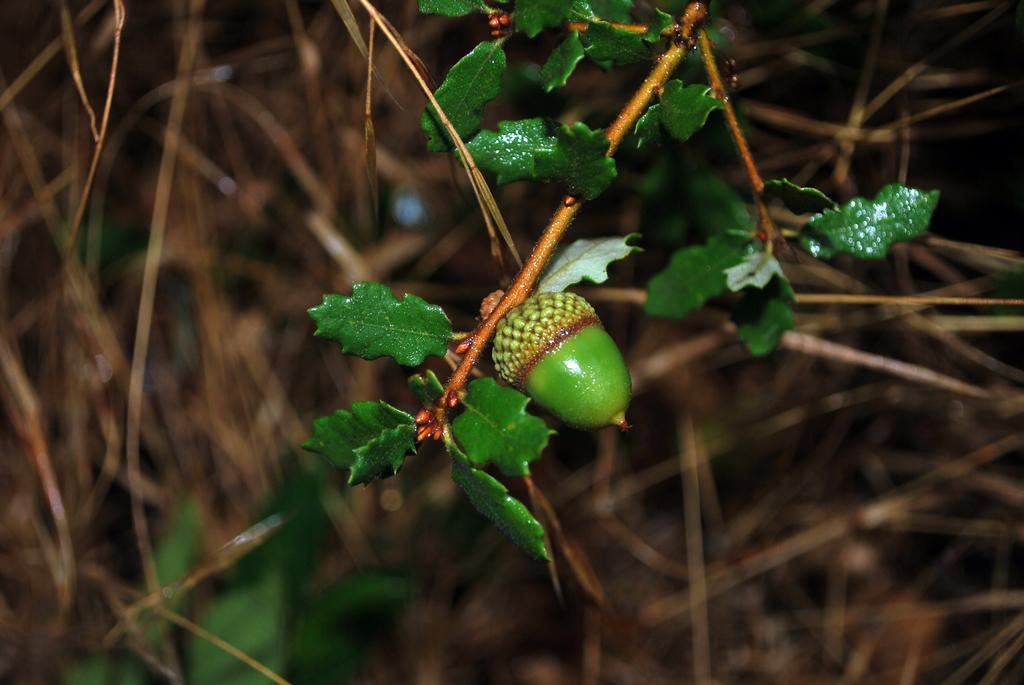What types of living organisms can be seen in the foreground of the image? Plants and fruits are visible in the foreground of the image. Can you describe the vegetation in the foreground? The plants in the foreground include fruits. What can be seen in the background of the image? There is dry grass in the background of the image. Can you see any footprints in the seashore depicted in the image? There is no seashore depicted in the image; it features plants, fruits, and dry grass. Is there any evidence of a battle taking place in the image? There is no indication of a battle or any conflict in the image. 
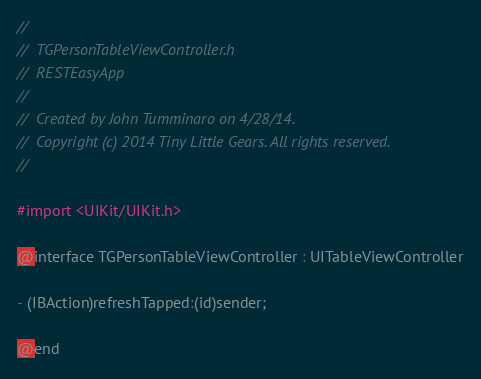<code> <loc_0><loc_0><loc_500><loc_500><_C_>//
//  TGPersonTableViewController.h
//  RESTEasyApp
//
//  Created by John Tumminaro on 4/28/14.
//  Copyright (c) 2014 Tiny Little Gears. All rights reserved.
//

○ ○ ○

◆ **AIM OF THE TASK**: Print the full listing again exactly, and drop every image from it.

◆ **ANSWER TO THIS EXERCISE**:
What types of living organisms can be seen in the foreground of the image? Plants and fruits are visible in the foreground of the image. Can you describe the vegetation in the foreground? The plants in the foreground include fruits. What can be seen in the background of the image? There is dry grass in the background of the image. Can you see any footprints in the seashore depicted in the image? There is no seashore depicted in the image; it features plants, fruits, and dry grass. Is there any evidence of a battle taking place in the image? There is no indication of a battle or any conflict in the image. 
<code> <loc_0><loc_0><loc_500><loc_500><_C_>//
//  TGPersonTableViewController.h
//  RESTEasyApp
//
//  Created by John Tumminaro on 4/28/14.
//  Copyright (c) 2014 Tiny Little Gears. All rights reserved.
//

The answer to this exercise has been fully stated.